> _SUPPLIED DATA_
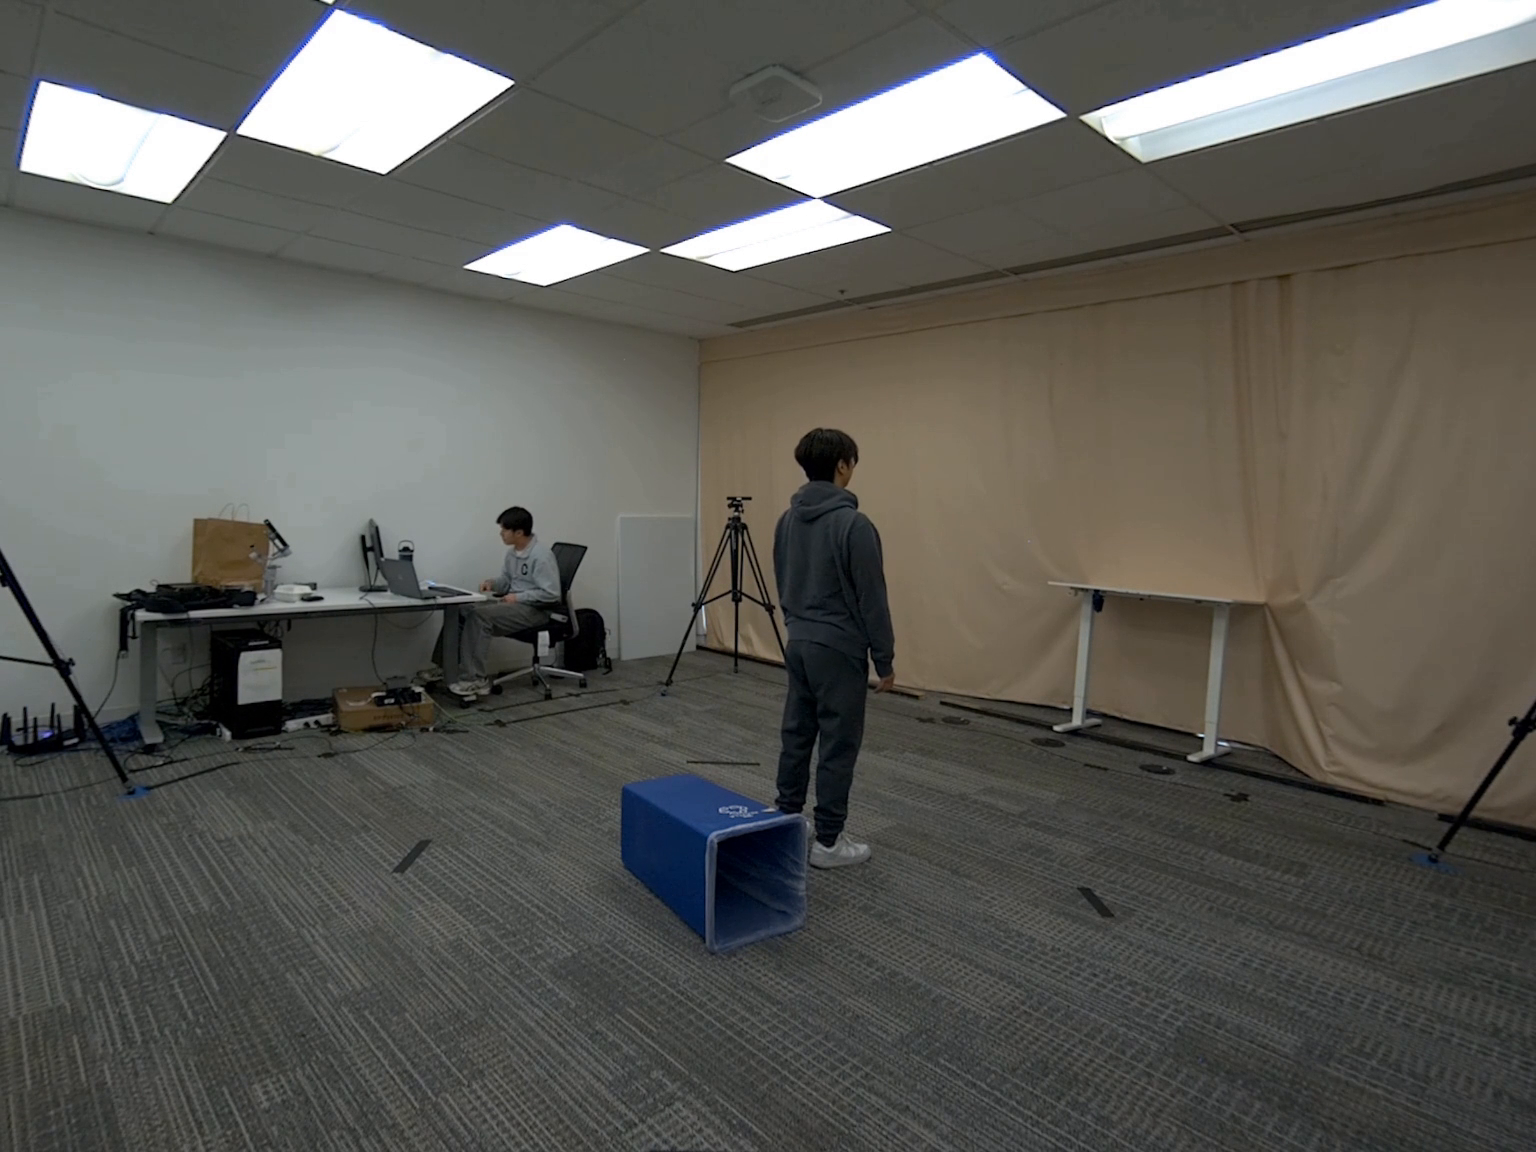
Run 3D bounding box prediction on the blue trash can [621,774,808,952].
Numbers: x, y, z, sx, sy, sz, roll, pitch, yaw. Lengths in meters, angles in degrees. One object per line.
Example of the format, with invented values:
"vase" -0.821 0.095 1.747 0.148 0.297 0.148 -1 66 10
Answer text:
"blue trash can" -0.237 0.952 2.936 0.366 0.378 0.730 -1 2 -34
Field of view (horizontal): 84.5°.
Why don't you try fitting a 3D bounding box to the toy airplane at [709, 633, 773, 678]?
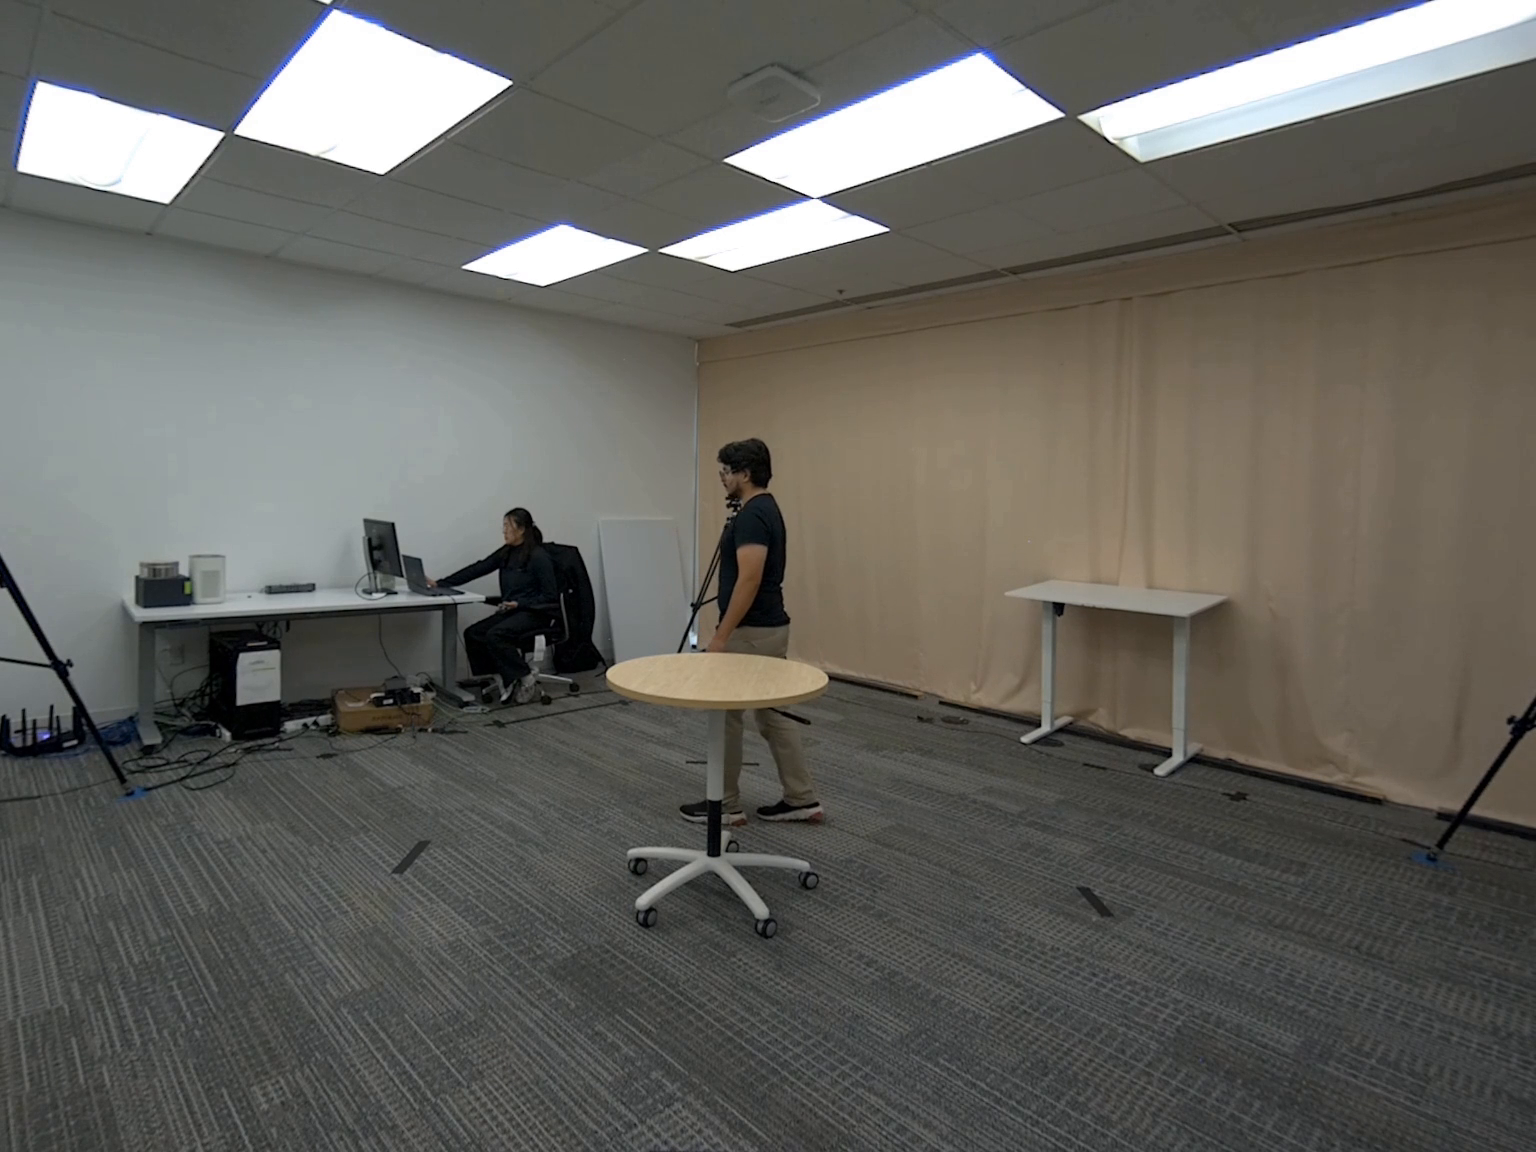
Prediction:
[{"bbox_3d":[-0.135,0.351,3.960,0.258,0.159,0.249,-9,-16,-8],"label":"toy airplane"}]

> _TASK DESCRIPTION_
In the copy, only the lines from the one holding "Field of view (horizontal): 84.5°." through the end of the listing above should appear, retyped exactly, both ends included, with no pictures.

> _ANSWER AREA_
Field of view (horizontal): 84.5°.
Why don't you try fitting a 3D bounding box to the toy airplane at [709, 633, 773, 678]?
Prediction:
[{"bbox_3d":[-0.135,0.351,3.960,0.258,0.159,0.249,-9,-16,-8],"label":"toy airplane"}]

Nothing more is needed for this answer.